[Records from a data collection]
■ ■ ■ ■
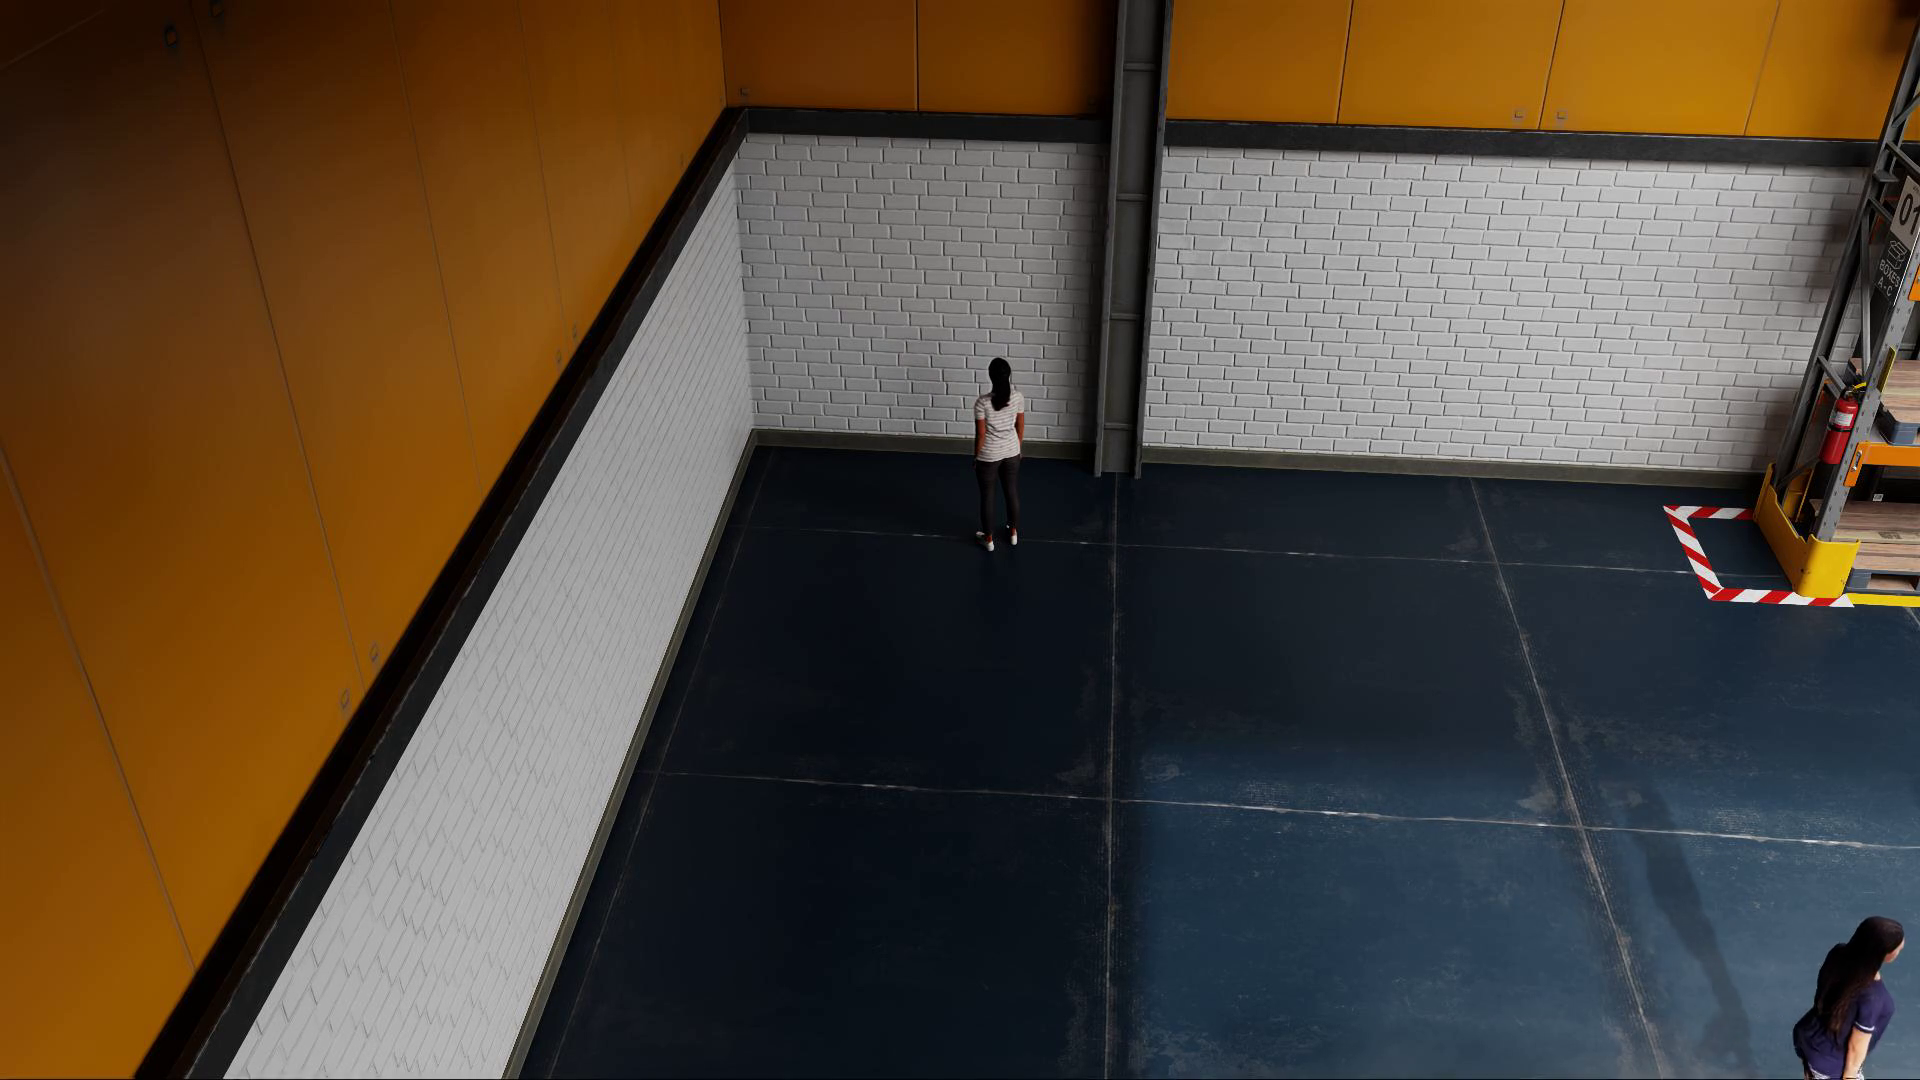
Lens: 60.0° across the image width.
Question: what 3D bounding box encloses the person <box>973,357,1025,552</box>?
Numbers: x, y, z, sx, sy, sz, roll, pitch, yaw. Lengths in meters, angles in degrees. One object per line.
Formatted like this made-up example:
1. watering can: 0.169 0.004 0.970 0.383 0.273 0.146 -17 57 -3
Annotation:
1. person: 0.300 -0.671 12.890 0.605 1.647 0.712 -13 36 -18

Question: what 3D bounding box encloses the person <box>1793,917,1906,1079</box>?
1. person: 4.127 2.487 8.043 0.834 1.752 0.612 0 34 0
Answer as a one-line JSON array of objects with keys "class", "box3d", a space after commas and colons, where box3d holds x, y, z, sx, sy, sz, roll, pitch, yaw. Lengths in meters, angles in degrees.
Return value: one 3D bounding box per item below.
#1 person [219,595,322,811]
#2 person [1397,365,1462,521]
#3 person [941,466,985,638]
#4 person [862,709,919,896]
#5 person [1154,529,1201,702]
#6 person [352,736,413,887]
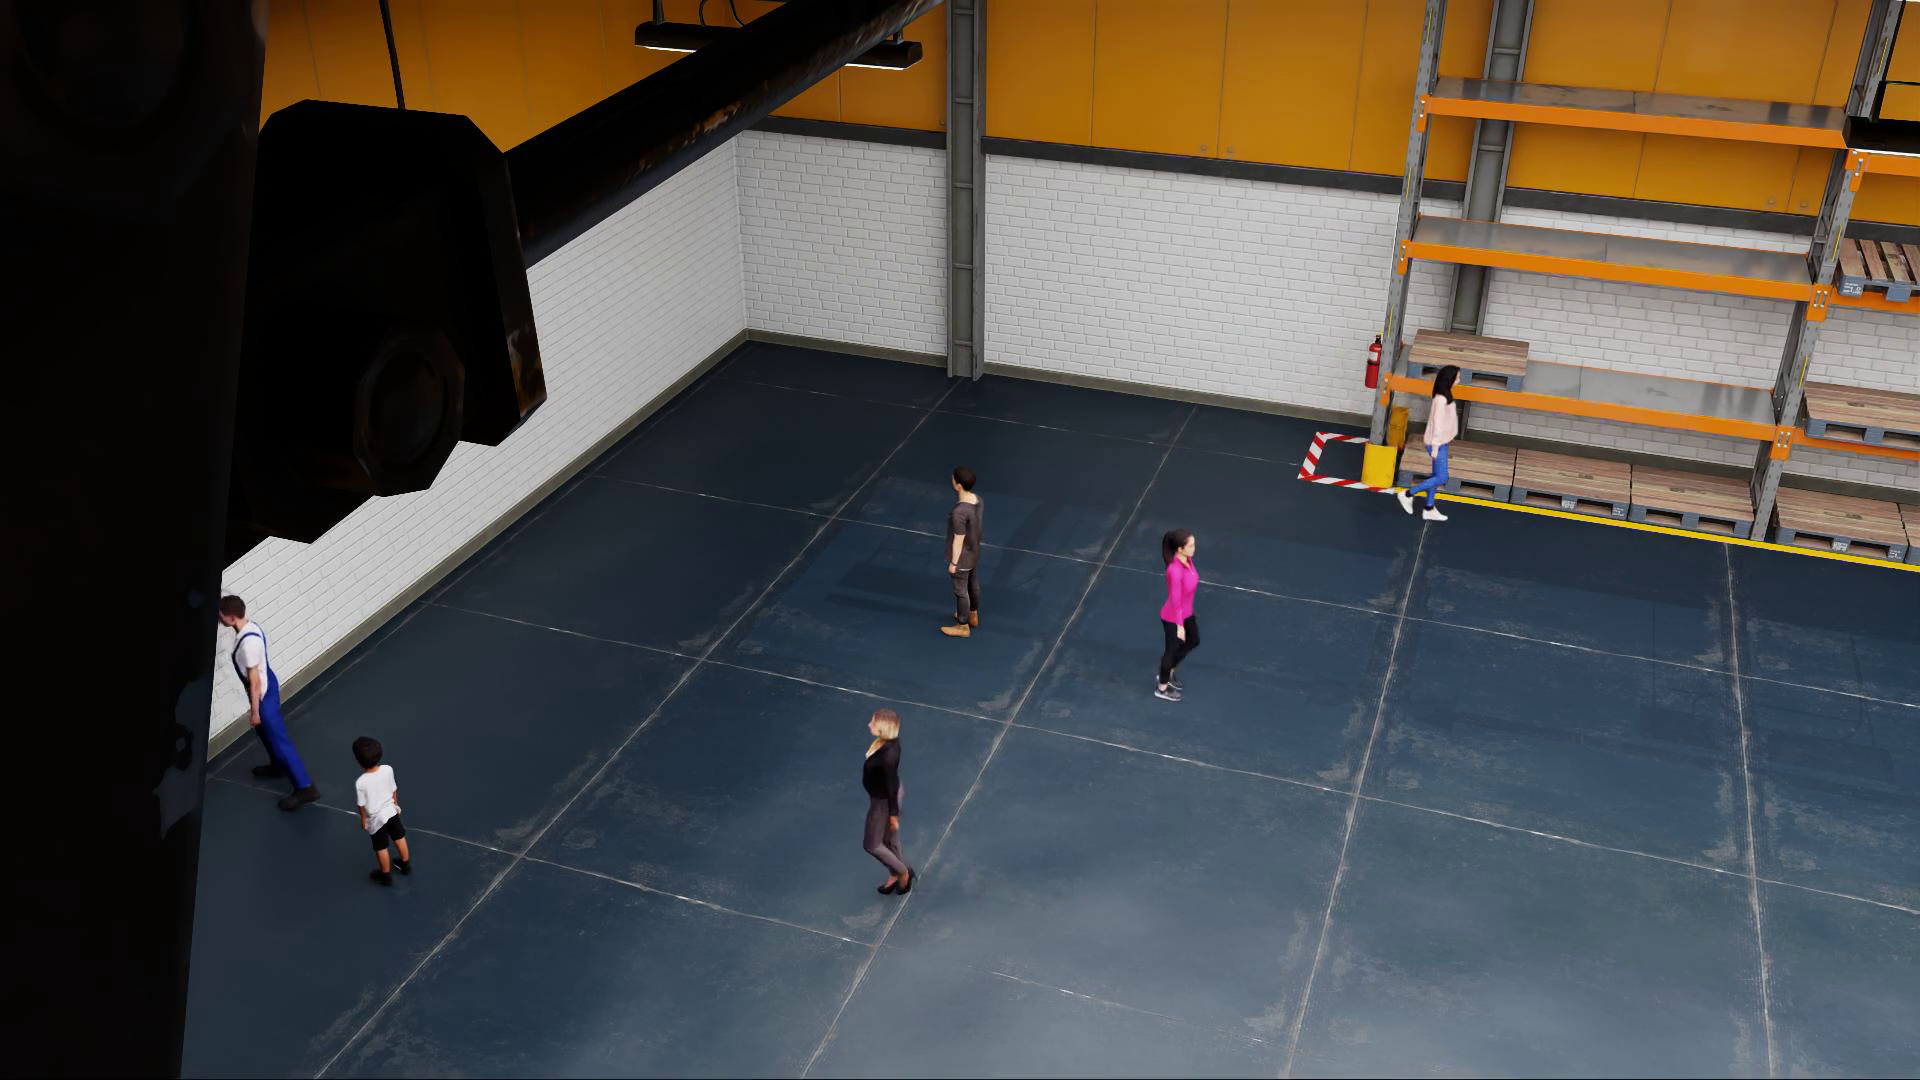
■ ■ ■ ■
● About this exercise
Set down exactly, and only, the lines from the one holding "Return value: one" to the end of the records above, leaving every picture out.

● Output below
Return value: one 3D bounding box per item below.
#1 person [219,595,322,811]
#2 person [1397,365,1462,521]
#3 person [941,466,985,638]
#4 person [862,709,919,896]
#5 person [1154,529,1201,702]
#6 person [352,736,413,887]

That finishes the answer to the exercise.